Ad esasperare questa morbosa attenzione dei nostri intellettuali verso il macabro americano concorre persino il proibizionismo, considerato spesso alla stregua di una crociata inutile e destinata al fallimento. Secondo Borgese, che visse le ultime fasi del fenomeno,
è discorso comune che il proibizionismo è pure una specie di guerra civile: non dichiarata, non guerreggiata, - torpida, occulta – ma quasi ugualmente devastatrice.
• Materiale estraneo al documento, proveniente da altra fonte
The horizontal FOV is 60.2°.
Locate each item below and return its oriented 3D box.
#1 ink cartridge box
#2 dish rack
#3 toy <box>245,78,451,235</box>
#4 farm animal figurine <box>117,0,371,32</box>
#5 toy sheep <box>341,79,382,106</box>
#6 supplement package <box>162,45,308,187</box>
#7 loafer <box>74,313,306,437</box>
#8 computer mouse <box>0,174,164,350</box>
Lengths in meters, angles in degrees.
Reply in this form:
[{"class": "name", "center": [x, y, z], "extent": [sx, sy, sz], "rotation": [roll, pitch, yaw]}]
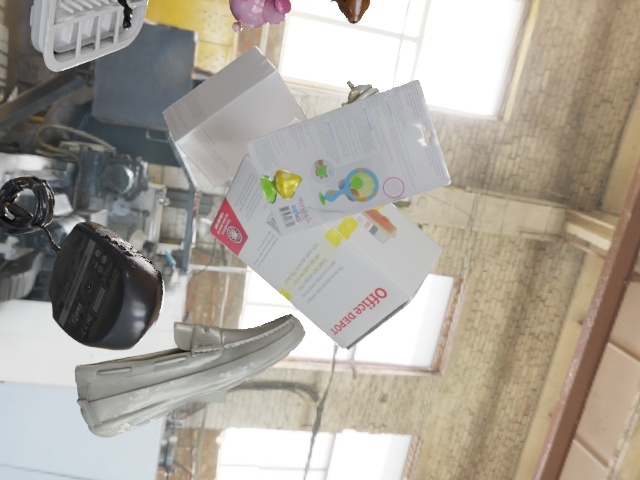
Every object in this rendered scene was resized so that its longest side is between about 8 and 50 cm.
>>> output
[{"class": "ink cartridge box", "center": [0.000, 0.000, 1.094], "extent": [0.160, 0.385, 0.279], "rotation": [-47, 178, -39]}, {"class": "dish rack", "center": [-0.376, -0.470, 0.924], "extent": [0.332, 0.072, 0.285], "rotation": [-60, 179, 36]}, {"class": "toy", "center": [0.035, -0.106, 0.730], "extent": [0.056, 0.237, 0.136], "rotation": [-64, 135, -73]}, {"class": "farm animal figurine", "center": [-0.056, -0.355, 0.542], "extent": [0.172, 0.331, 0.326], "rotation": [10, -76, 58]}, {"class": "toy sheep", "center": [0.094, -0.278, 1.135], "extent": [0.132, 0.091, 0.091], "rotation": [56, -19, 3]}, {"class": "supplement package", "center": [-0.212, -0.308, 1.381], "extent": [0.175, 0.293, 0.177], "rotation": [53, 4, -44]}, {"class": "loafer", "center": [-0.174, 0.161, 0.771], "extent": [0.111, 0.320, 0.112], "rotation": [70, -21, 0]}, {"class": "computer mouse", "center": [-0.184, 0.007, 0.409], "extent": [0.242, 0.041, 0.071], "rotation": [31, -81, 38]}]

Quasi peggio, dicono i più corrivi agli estremi, perché non se ne vede la fine.62
Il proibizionismo, dunque, come «guerra civile», come battaglia morale senza eguali nella storia dell’Occidente moderno, che si risolse in un fallimento completo: i traffici illegali fiorirono in ogni dove e le organizzazioni criminali divennero più potenti che mai, ora che disponevano di denari, coperture politiche e arsenali bellici di prim’ordine.
La violenza, dunque, viene percepita come leitmotiv della cultura americana. I nostri intellettuali si sentono attratti da questa ossessiva tendenza alla brutalità e dal rapporto complicato con la morte; proprio per questo, tutti dedicano un numero considerevole di pagine al richiamo di episodi crudi, dai linciaggi alla cronaca nera; tutti elementi considerati «caratteristici» dell’America.